*** MATERIAL FOR THIS TASK Section Begins ***

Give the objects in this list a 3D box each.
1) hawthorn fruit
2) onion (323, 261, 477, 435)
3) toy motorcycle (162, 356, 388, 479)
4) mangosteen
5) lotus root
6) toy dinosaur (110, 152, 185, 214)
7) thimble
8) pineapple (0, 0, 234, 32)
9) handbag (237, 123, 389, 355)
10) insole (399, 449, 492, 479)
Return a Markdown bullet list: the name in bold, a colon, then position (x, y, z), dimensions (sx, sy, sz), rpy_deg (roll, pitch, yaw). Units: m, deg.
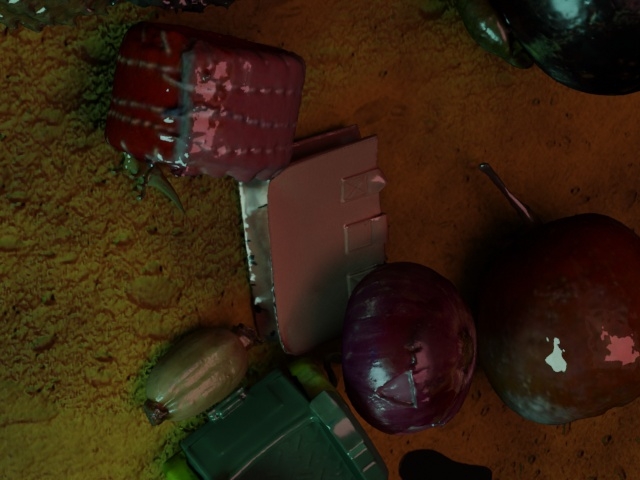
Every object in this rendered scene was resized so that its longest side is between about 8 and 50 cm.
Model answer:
- **hawthorn fruit**: position (0.295, 0.077, 2.047), dimensions (0.235, 0.231, 0.263), rpy_deg (1, 109, -49)
- **onion**: position (0.085, 0.109, 1.875), dimensions (0.177, 0.153, 0.177), rpy_deg (19, 90, -84)
- **toy motorcycle**: position (0.002, 0.297, 1.907), dimensions (0.191, 0.200, 0.326), rpy_deg (-38, 127, -8)
- **mangosteen**: position (0.277, -0.279, 1.905), dimensions (0.288, 0.288, 0.288), rpy_deg (-13, 113, -34)
- **lotus root**: position (-0.121, 0.130, 1.853), dimensions (0.150, 0.062, 0.073), rpy_deg (-38, 102, -24)
- **toy dinosaur**: position (-0.166, -0.057, 1.774), dimensions (0.113, 0.026, 0.041), rpy_deg (54, 49, -25)
- **thimble**: position (-0.107, -0.129, 1.710), dimensions (0.189, 0.163, 0.125), rpy_deg (-2, 106, -59)
- **pineapple**: position (-0.212, -0.257, 1.585), dimensions (0.362, 0.202, 0.202), rpy_deg (17, 95, -53)
- **handbag**: position (0.000, 0.000, 1.904), dimensions (0.157, 0.059, 0.212), rpy_deg (-21, 118, -30)
- **insole**: position (0.146, 0.272, 2.145), dimensions (0.153, 0.002, 0.053), rpy_deg (14, 96, -40)
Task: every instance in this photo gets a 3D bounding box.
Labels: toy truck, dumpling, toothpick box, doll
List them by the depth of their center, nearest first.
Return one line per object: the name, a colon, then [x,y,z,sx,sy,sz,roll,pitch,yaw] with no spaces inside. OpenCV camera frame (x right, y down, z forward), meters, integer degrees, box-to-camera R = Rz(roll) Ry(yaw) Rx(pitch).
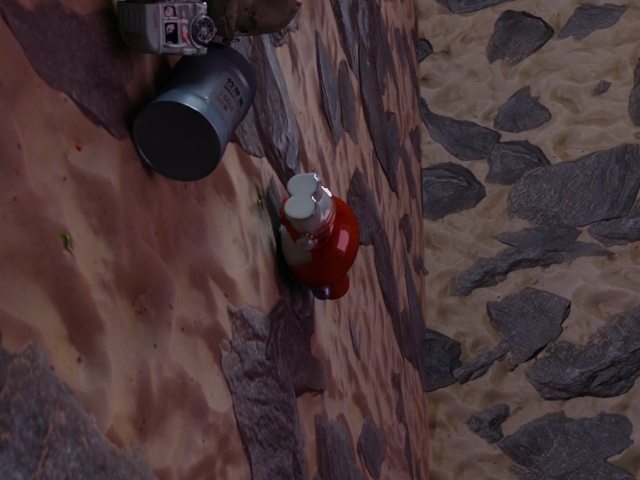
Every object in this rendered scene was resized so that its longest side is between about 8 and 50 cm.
toy truck: [-0.174,-0.276,0.780,0.115,0.080,0.177,-20,119,-41]
toothpick box: [-0.138,-0.148,0.863,0.153,0.101,0.101,-73,154,-50]
dumpling: [-0.090,-0.355,0.906,0.292,0.164,0.204,-74,170,-49]
doll: [0.000,0.000,1.266,0.290,0.130,0.160,68,22,-60]
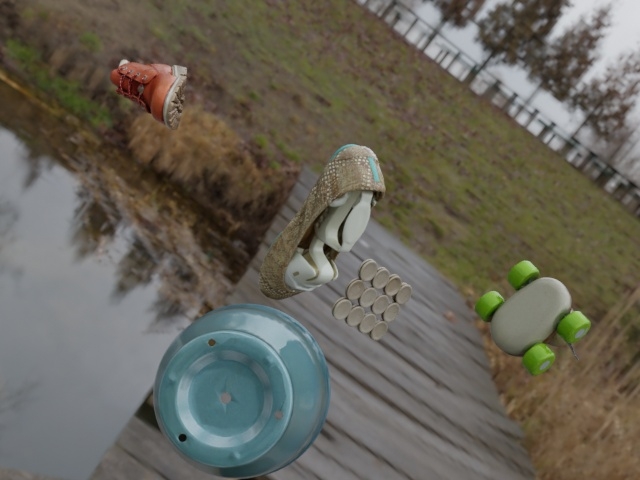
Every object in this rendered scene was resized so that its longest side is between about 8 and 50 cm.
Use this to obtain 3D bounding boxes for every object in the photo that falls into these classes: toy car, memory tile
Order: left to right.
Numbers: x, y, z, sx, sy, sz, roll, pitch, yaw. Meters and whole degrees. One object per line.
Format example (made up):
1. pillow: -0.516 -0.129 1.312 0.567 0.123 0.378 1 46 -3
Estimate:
1. memory tile: 0.085 0.097 1.542 0.012 0.113 0.148 34 0 44
2. toy car: 0.379 0.149 1.612 0.155 0.149 0.188 51 8 35

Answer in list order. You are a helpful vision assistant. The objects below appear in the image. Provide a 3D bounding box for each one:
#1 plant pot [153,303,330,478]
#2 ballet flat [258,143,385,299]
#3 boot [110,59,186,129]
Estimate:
1. plant pot: -0.121 0.222 1.373 0.271 0.272 0.255 39 -4 5
2. ballet flat: 0.000 0.000 0.937 0.073 0.206 0.067 4 40 -34
3. boot: -0.191 -0.164 1.042 0.084 0.059 0.158 11 16 -15
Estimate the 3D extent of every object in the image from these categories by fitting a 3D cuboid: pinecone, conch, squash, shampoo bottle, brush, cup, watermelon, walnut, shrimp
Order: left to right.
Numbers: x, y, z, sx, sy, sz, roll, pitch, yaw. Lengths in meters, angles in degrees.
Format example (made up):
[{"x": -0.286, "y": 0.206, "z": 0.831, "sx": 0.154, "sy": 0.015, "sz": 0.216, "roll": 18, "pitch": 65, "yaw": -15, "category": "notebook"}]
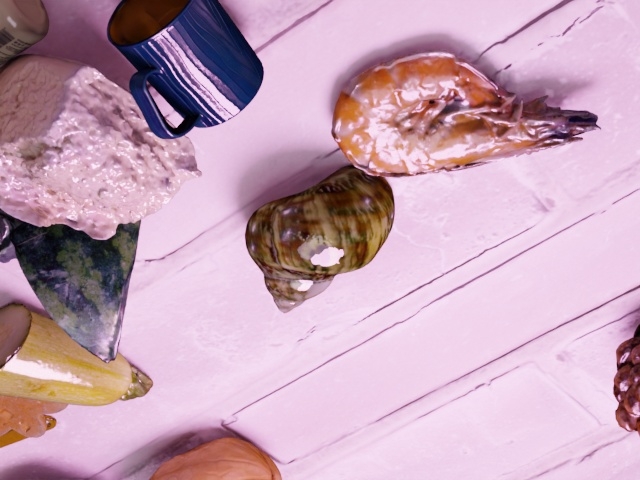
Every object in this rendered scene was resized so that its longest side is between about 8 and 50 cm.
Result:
[{"x": -0.368, "y": -0.211, "z": 1.138, "sx": 0.162, "sy": 0.079, "sz": 0.079, "roll": -26, "pitch": 131, "yaw": 20, "category": "shampoo bottle"}, {"x": -0.505, "y": 0.313, "z": 1.687, "sx": 0.218, "sy": 0.010, "sz": 0.082, "roll": -24, "pitch": 132, "yaw": 15, "category": "brush"}, {"x": -0.342, "y": 0.170, "z": 1.496, "sx": 0.288, "sy": 0.137, "sz": 0.137, "roll": 18, "pitch": 130, "yaw": -30, "category": "squash"}, {"x": -0.253, "y": 0.041, "z": 1.329, "sx": 0.136, "sy": 0.207, "sz": 0.202, "roll": -19, "pitch": 175, "yaw": 23, "category": "watermelon"}, {"x": -0.150, "y": -0.189, "z": 1.148, "sx": 0.150, "sy": 0.113, "sz": 0.138, "roll": -46, "pitch": 131, "yaw": -7, "category": "cup"}, {"x": -0.168, "y": 0.408, "z": 1.699, "sx": 0.226, "sy": 0.193, "sz": 0.193, "roll": -19, "pitch": 133, "yaw": 10, "category": "walnut"}, {"x": 0.000, "y": 0.003, "z": 1.359, "sx": 0.187, "sy": 0.124, "sz": 0.181, "roll": 12, "pitch": 135, "yaw": -28, "category": "conch"}, {"x": 0.169, "y": -0.153, "z": 1.269, "sx": 0.317, "sy": 0.062, "sz": 0.164, "roll": -4, "pitch": 132, "yaw": 1, "category": "shrimp"}, {"x": 0.541, "y": 0.202, "z": 1.553, "sx": 0.224, "sy": 0.224, "sz": 0.273, "roll": -39, "pitch": 158, "yaw": 28, "category": "pinecone"}]

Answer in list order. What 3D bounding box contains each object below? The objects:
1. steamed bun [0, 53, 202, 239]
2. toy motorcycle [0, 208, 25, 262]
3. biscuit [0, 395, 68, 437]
[{"x": -0.255, "y": -0.085, "z": 1.175, "sx": 0.200, "sy": 0.170, "sz": 0.225, "roll": 11, "pitch": 167, "yaw": 42, "category": "steamed bun"}, {"x": -0.505, "y": 0.032, "z": 1.321, "sx": 0.327, "sy": 0.143, "sz": 0.188, "roll": -40, "pitch": 126, "yaw": 20, "category": "toy motorcycle"}, {"x": -0.472, "y": 0.246, "z": 1.607, "sx": 0.234, "sy": 0.030, "sz": 0.153, "roll": -24, "pitch": 130, "yaw": 16, "category": "biscuit"}]
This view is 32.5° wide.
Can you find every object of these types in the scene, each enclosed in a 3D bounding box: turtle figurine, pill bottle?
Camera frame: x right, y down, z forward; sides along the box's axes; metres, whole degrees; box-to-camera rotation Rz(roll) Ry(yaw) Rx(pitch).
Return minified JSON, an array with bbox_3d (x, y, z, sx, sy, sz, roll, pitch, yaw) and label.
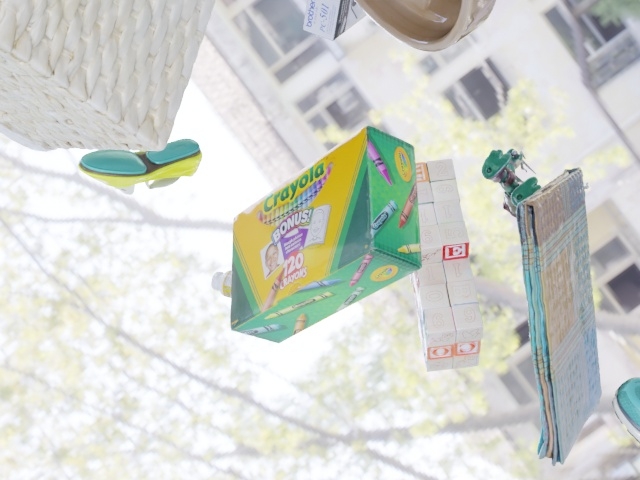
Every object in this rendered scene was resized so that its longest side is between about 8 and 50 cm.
[{"bbox_3d":[0.367,-0.087,1.899,0.175,0.118,0.234,26,-173,30],"label":"turtle figurine"},{"bbox_3d":[-0.127,0.071,1.702,0.083,0.043,0.043,13,163,29],"label":"pill bottle"}]

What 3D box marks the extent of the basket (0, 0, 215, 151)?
[{"bbox_3d":[-0.336,-0.309,1.380,0.267,0.331,0.328,8,164,36],"label":"basket"}]

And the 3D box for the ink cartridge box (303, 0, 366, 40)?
[{"bbox_3d":[0.034,-0.344,1.264,0.046,0.207,0.097,24,-141,17],"label":"ink cartridge box"}]

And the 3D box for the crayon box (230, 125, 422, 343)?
[{"bbox_3d":[0.000,0.000,1.336,0.081,0.278,0.165,20,-125,-33],"label":"crayon box"}]

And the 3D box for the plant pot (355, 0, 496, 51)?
[{"bbox_3d":[0.075,-0.267,0.796,0.237,0.110,0.237,53,165,20],"label":"plant pot"}]

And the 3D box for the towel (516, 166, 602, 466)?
[{"bbox_3d":[0.345,0.099,1.576,0.271,0.040,0.370,-27,-68,-60],"label":"towel"}]

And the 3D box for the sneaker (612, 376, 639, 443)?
[{"bbox_3d":[0.508,0.237,1.384,0.275,0.107,0.110,24,136,20],"label":"sneaker"}]

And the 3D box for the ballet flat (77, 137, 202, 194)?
[{"bbox_3d":[-0.303,-0.117,1.862,0.231,0.077,0.077,-14,-133,-35],"label":"ballet flat"}]

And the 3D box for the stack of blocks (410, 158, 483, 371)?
[{"bbox_3d":[0.191,0.038,1.764,0.171,0.087,0.297,82,-179,-55],"label":"stack of blocks"}]

*** MATERIAL FOR THIS TASK Section Ends ***

### WHAT YOU ARE ASKED TO DO
Wherever a line of the listing above contains the string "these", copy that line.

### OUTPUT FOR THIS EXERCISE
Use this to obtain 3D bounding boxes for every object in the photo that falls into these classes: toy car, memory tile
Estimate the 3D extent of every object in the image from these categories by fitting a 3D cuboid: pinecone, conch, squash, shampoo bottle, brush, cup, watermelon, walnut, shrimp
Can you find every object of these types in the scene, each enclosed in a 3D bounding box: turtle figurine, pill bottle?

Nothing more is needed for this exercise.